In most cases where an employee who has worked with a given company for at least three months and has their employment involuntarily terminated, the employer may provide them with a notice of termination and/or termination pay (or severance pay). A company that offers severance does so following an agreement made privately with the employee or because severance is specified in its employee handbook.

 Under the Fair Labor Standards Act (FLSA), a company is not mandated to provide severance packages.

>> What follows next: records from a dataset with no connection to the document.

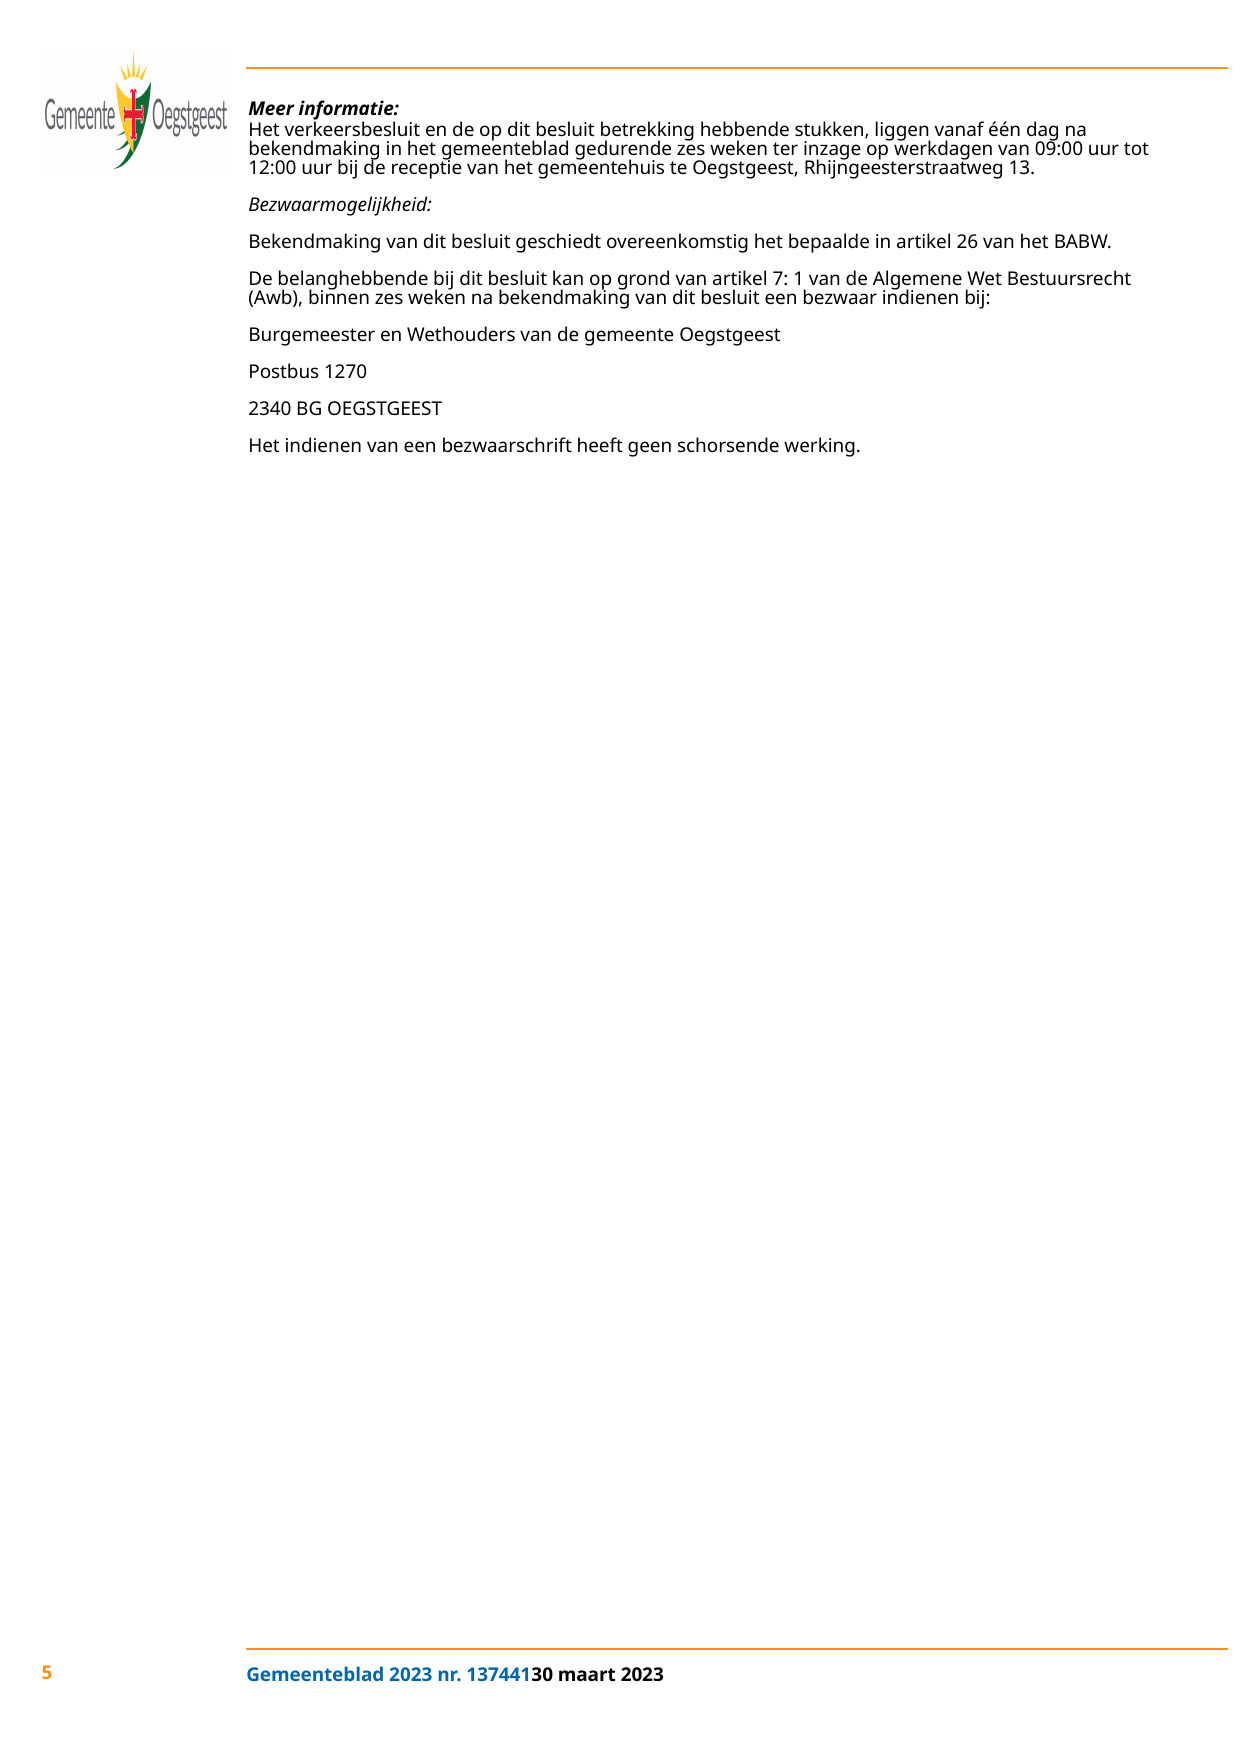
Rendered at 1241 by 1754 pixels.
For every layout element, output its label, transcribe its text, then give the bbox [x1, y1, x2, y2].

text 2340 BG OEGSTGEEST [248, 400, 1152, 419]
text Postbus 1270 [248, 363, 1152, 382]
text Het indienen van een bezwaarschrift heeft geen schorsende werking. [248, 437, 1152, 456]
text De belanghebbende bij dit besluit kan op grond van artikel 7: 1 van de Algemene Wet Bestuursrecht (Awb), binnen zes weken na bekendmaking van dit besluit een bezwaar indienen bij: [248, 270, 1152, 308]
picture [41, 47, 231, 172]
text Het verkeersbesluit en de op dit besluit betrekking hebbende stukken, liggen vanaf één dag na bekendmaking in het gemeenteblad gedurende zes weken ter inzage op werkdagen van 09:00 uur tot 12:00 uur bij de receptie van het gemeentehuis te Oegstgeest, Rhijngeesterstraatweg 13. [248, 121, 1152, 178]
text Bekendmaking van dit besluit geschiedt overeenkomstig het bepaalde in artikel 26 van het BABW. [248, 233, 1152, 252]
text Bezwaarmogelijkheid: [248, 196, 1152, 215]
text Burgemeester en Wethouders van de gemeente Oegstgeest [248, 326, 1152, 346]
text Meer informatie: [248, 95, 1152, 121]

Also, employers are not required by federal law to give the terminated employee a final paycheck immediately. However, state laws may operate differently in this regard and may mandate that the employer must not only immediately provide the affected employee with a final paycheck, but also include accrued and unused vacation days.

Special Considerations: the Coronavirus

As of April 2020, millions of workers have been laid off as businesses struggle with government-ordered stay-at-home orders during the coronavirus pandemic. Some companies have furloughed workers, a move that is meant to be a temporary arrangement until the company can reopen. The CARES Act makes unemployment compensation available not just to those who have been laid off, but to furloughed employees as well as part-time workers, freelancers, independent contractors, and the self-employed—workers not usually eligible for unemployment benefits.

Employee Layoff

A less severe form of involuntary termination is often referred to as a layoff (also redundancy or being made redundant in British English). A layoff is usually not strictly related to personal performance, but instead due to economic cycles or the company’s need to restructure itself, the firm itself going out of business or a change in the function of the employer (for example, a certain type of product or service is no longer offered by the company and therefore jobs related to that product or service are no longer needed). One type of layoff is the aggressive layoff; in such a situation, the employee is laid off, but not replaced as the job is eliminated.

In an economy based on at-will employment, such as that of the United States, a large proportion of workers may be laid off at some time in their life, and often for reasons unrelated to performance or ethics. Employment termination can also result from a probational period, in which both the employee and the employer reach an agreement that the employer is allowed to lay off the employee if the probational period is not satisfied.

Often, layoffs occur as a result of “downsizing“, reduction in force or “redundancy“. These are not technically classified as firings; laid-off employees’ positions are terminated and not refilled, because either the company wishes to reduce its size or operations or otherwise lacks the economic stability to retain the position. In some cases, a laid-off employee may eventually be offered their old position again by their respective company, though by this time they may have found a new job.

Some companies resort to attrition (voluntary redundancy) as a means to reduce their workforce. Under such a plan, no employees are forced to leave their jobs. However, those who do depart voluntarily are not replaced. Additionally, employees are given the option to resign in exchange for a fixed amount of money, frequently a few years of their salary. Such plans have been carried out by the United States Federal Government under President Bill Clinton during the 1990s, and by the Ford Motor Company in 2005.

However, “layoff” may be specifically addressed and defined differently in the articles of a contract in the case of unionised work.